> Instructions for the task:
From the line that contains "This screenshot has width=953, height=1232." down to the last line of the data below, restate every line word for word, skipping any images.

Stored dataset items
_ _ _ _

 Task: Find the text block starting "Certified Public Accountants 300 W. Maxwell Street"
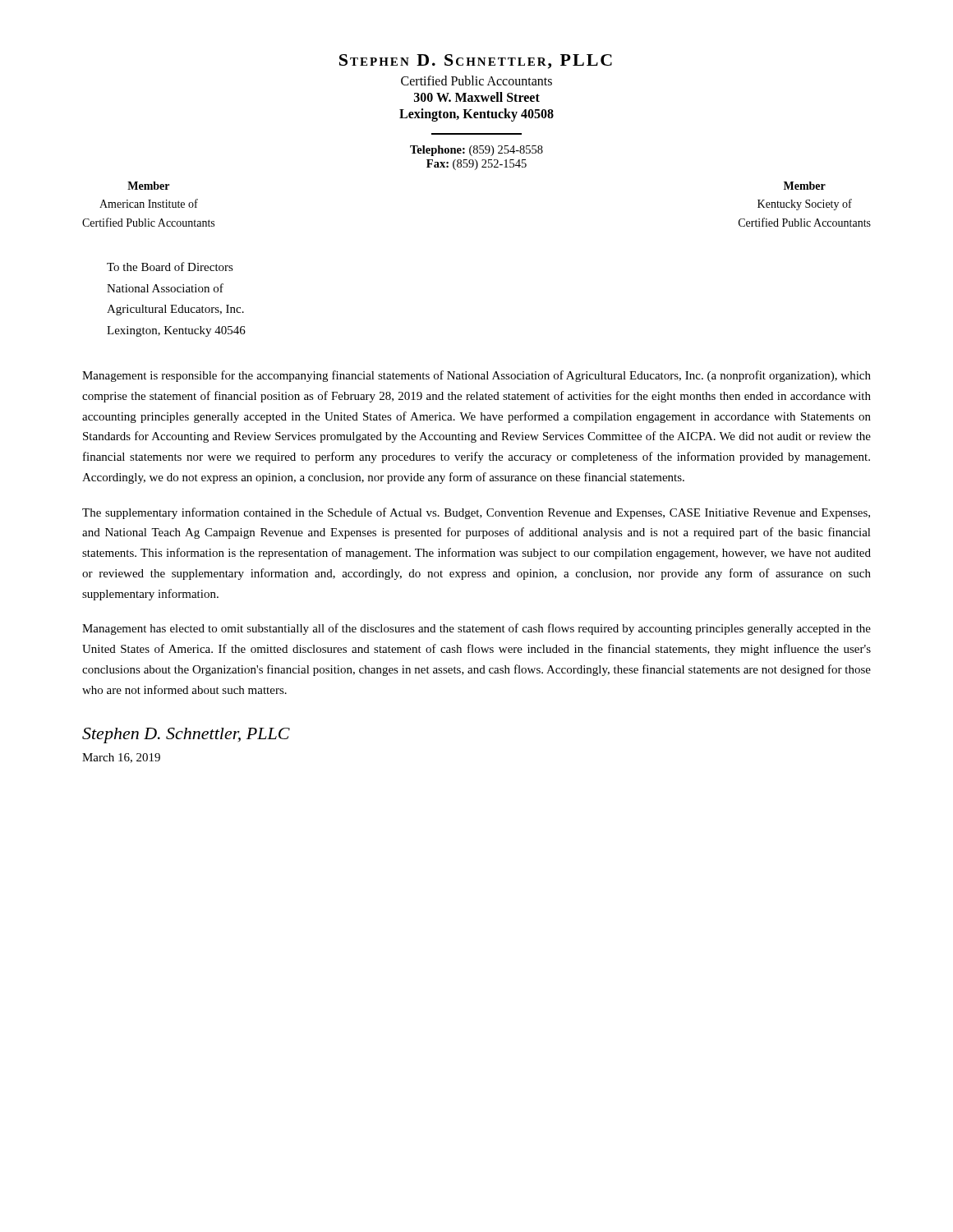click(x=476, y=98)
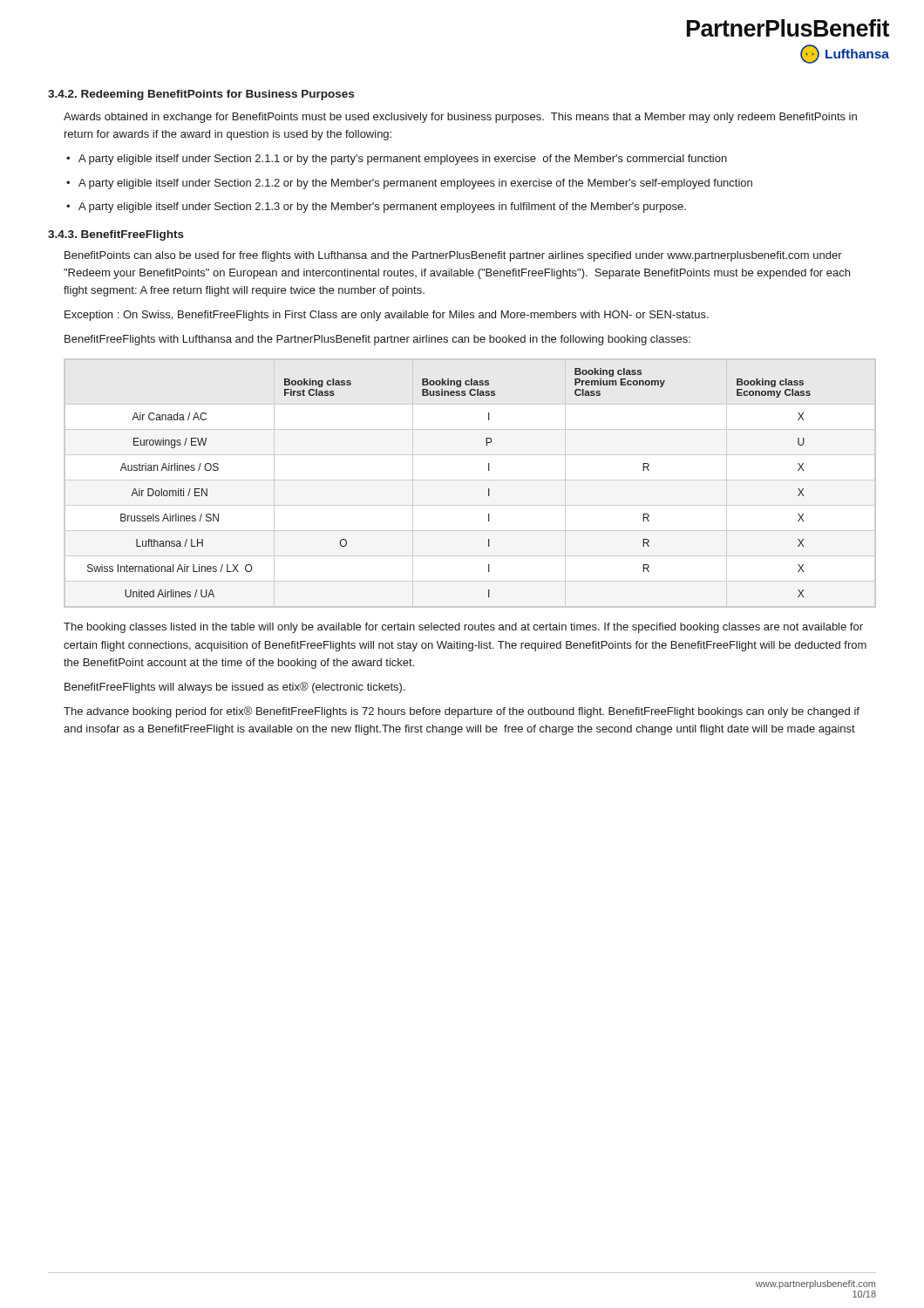Find the text block containing "The advance booking period for"
Screen dimensions: 1308x924
click(462, 720)
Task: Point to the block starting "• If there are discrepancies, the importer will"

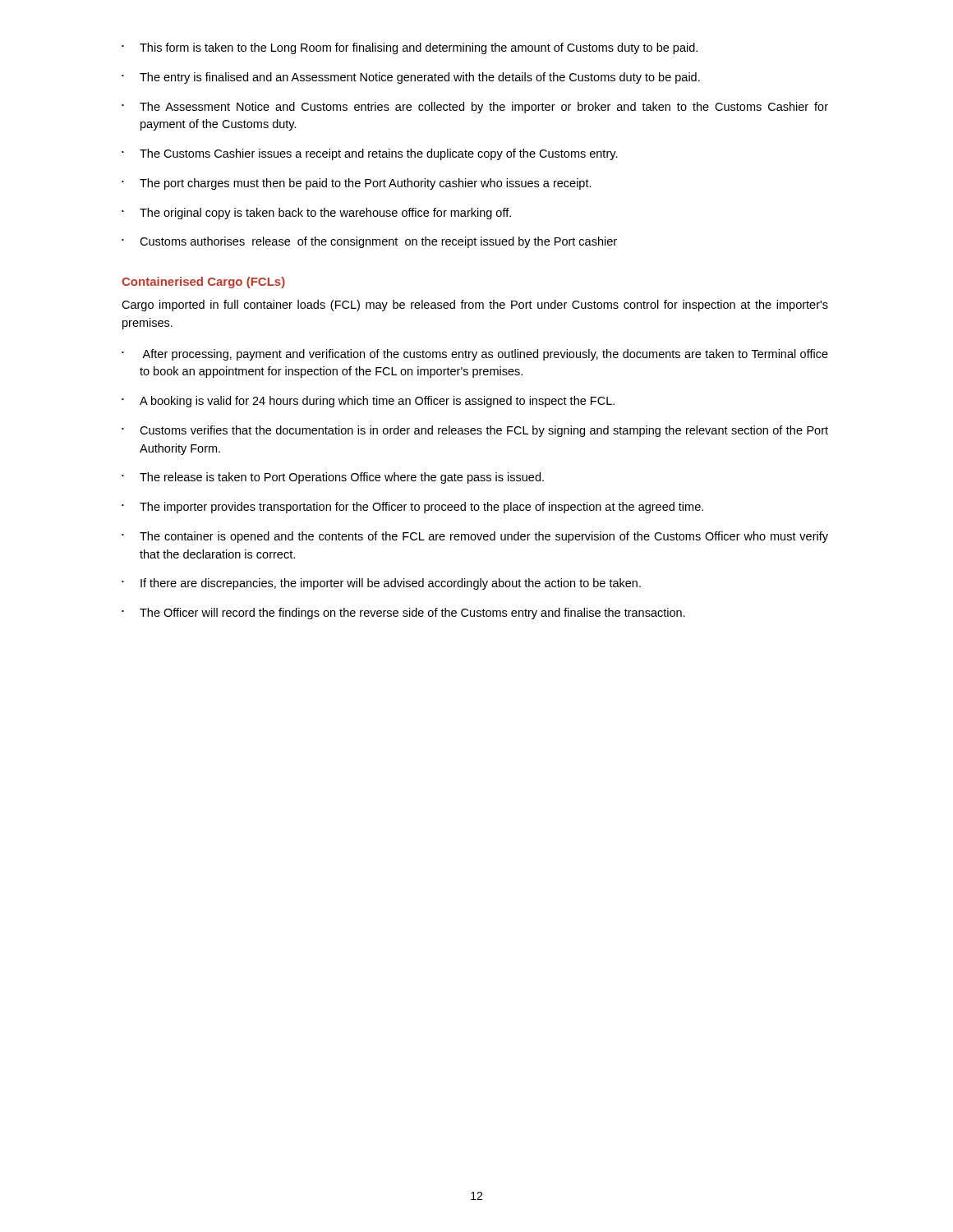Action: coord(475,584)
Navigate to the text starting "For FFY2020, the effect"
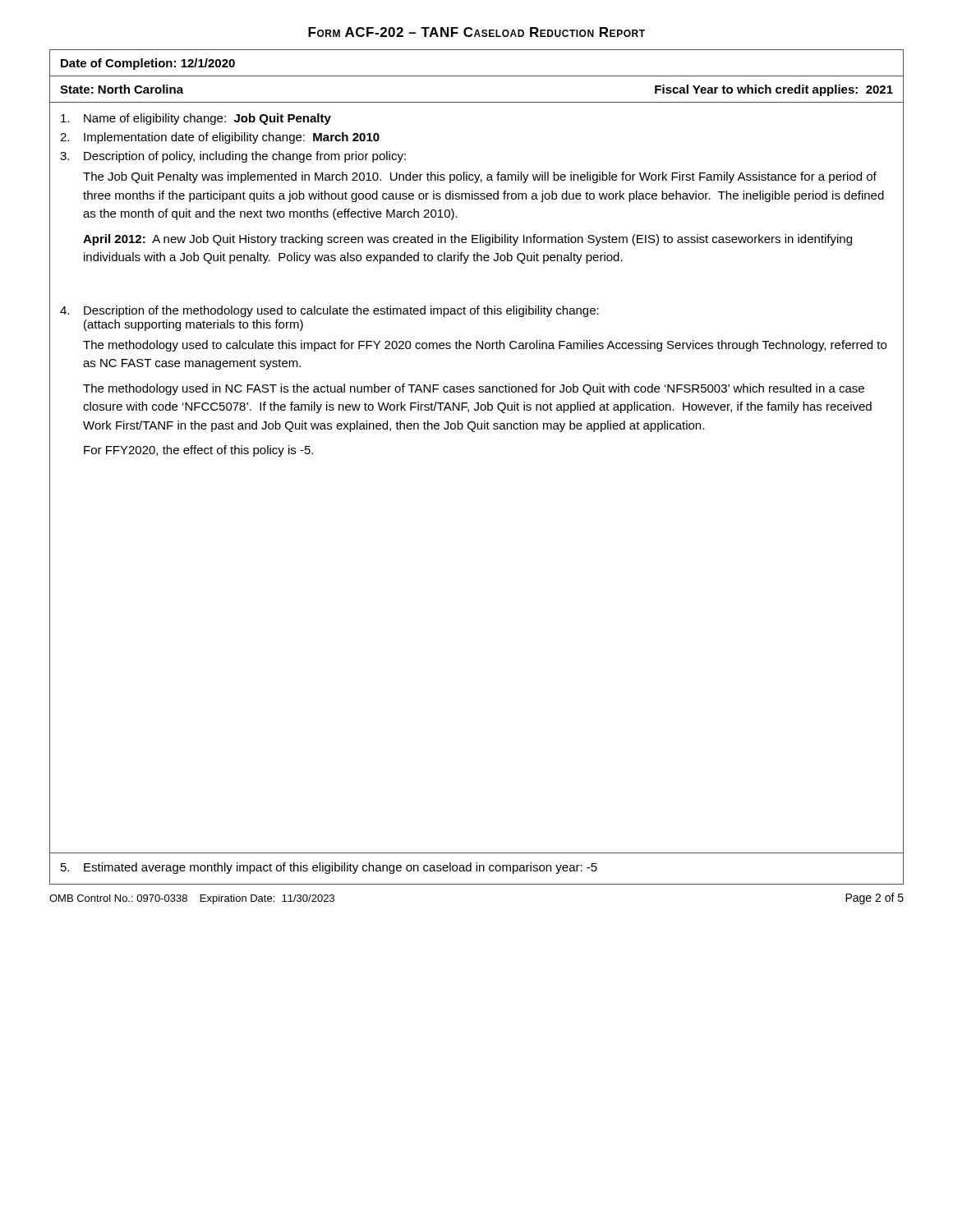 199,450
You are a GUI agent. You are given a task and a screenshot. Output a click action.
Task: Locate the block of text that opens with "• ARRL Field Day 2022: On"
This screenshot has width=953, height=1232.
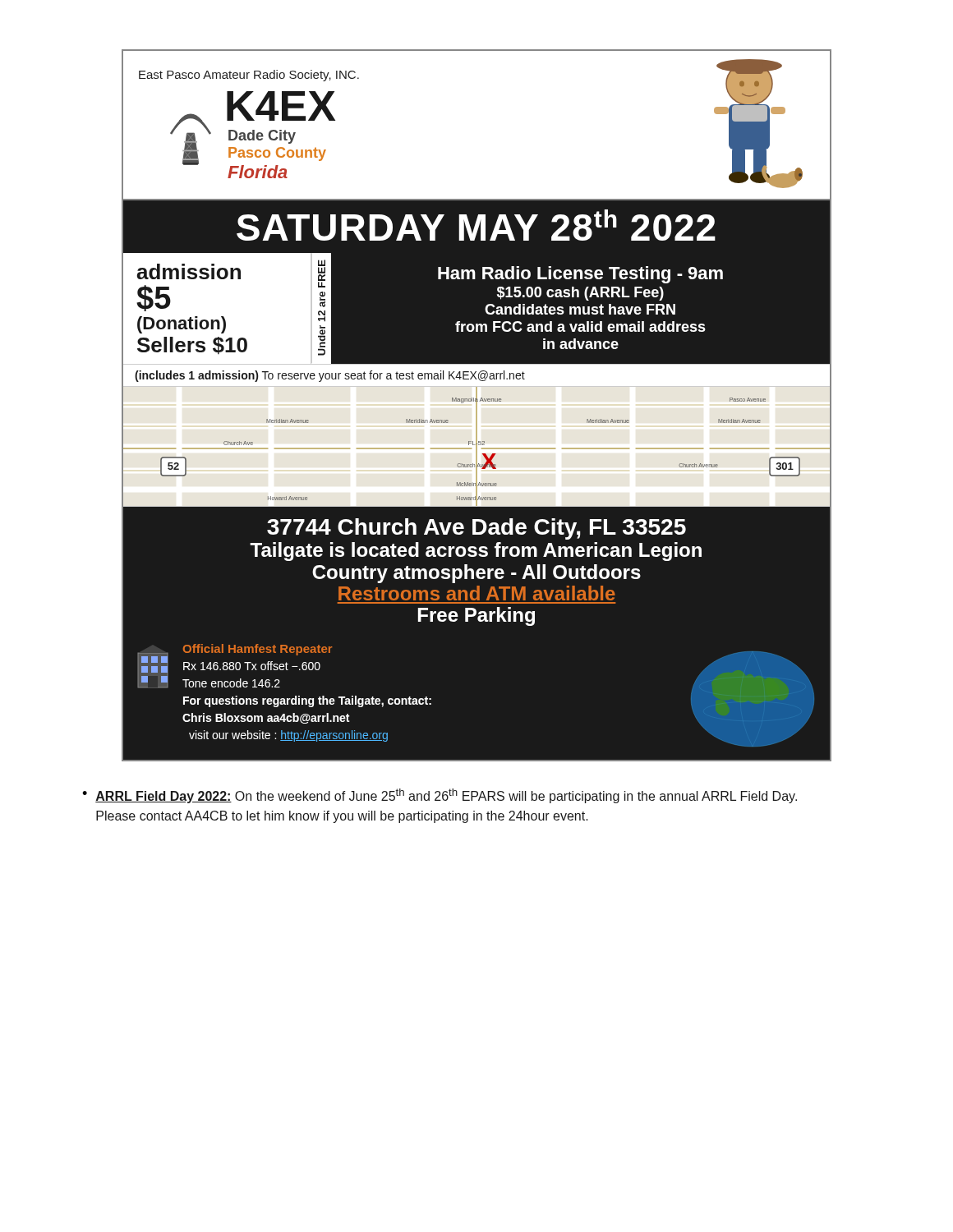click(x=442, y=805)
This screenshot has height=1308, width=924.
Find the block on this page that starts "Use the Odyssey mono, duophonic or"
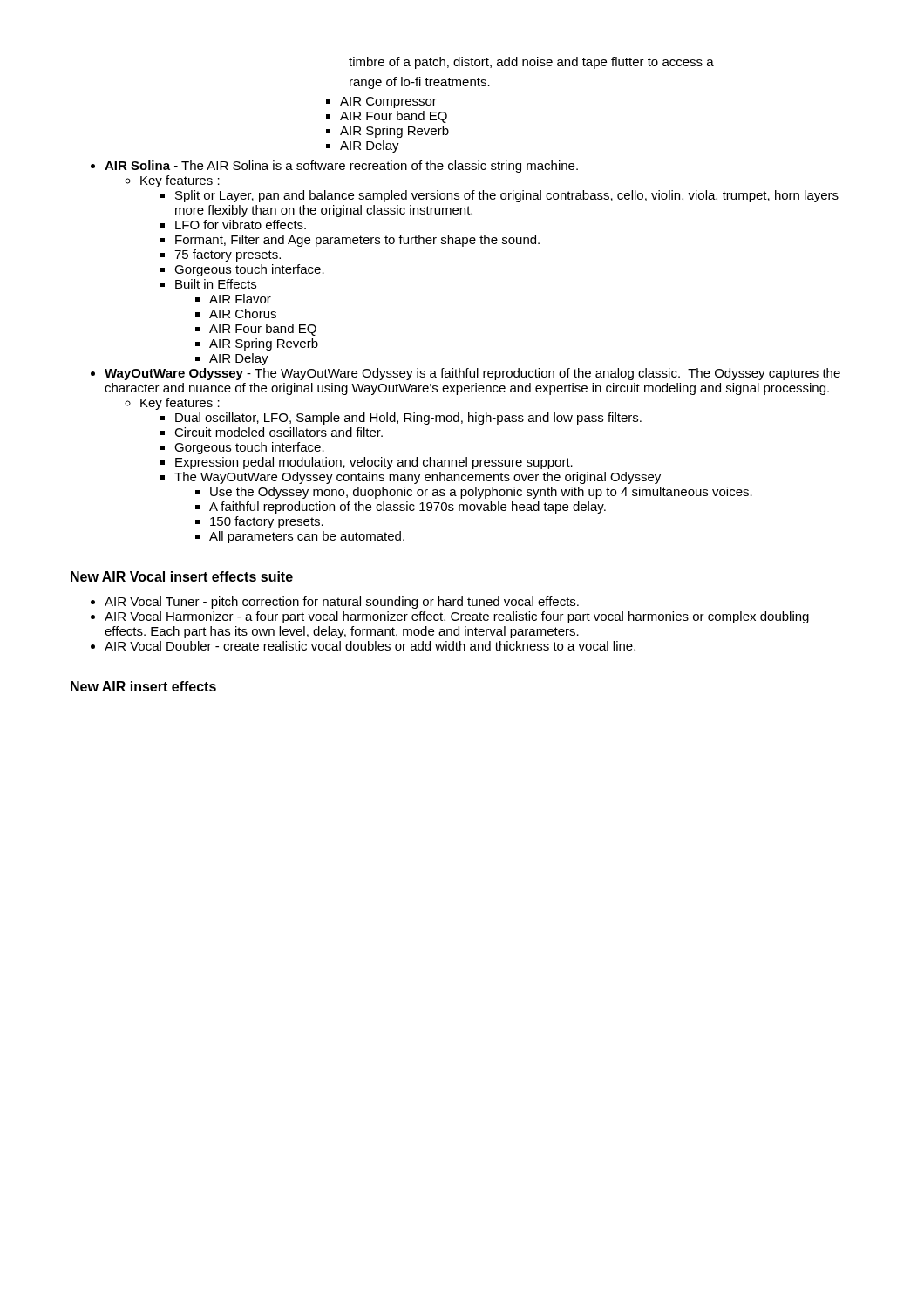(532, 491)

_ _ _ _

> Response:
This screenshot has width=953, height=1232.
click(x=442, y=805)
This screenshot has height=1308, width=924.
Find the block on this page that starts "Use the Odyssey mono, duophonic or"
(532, 491)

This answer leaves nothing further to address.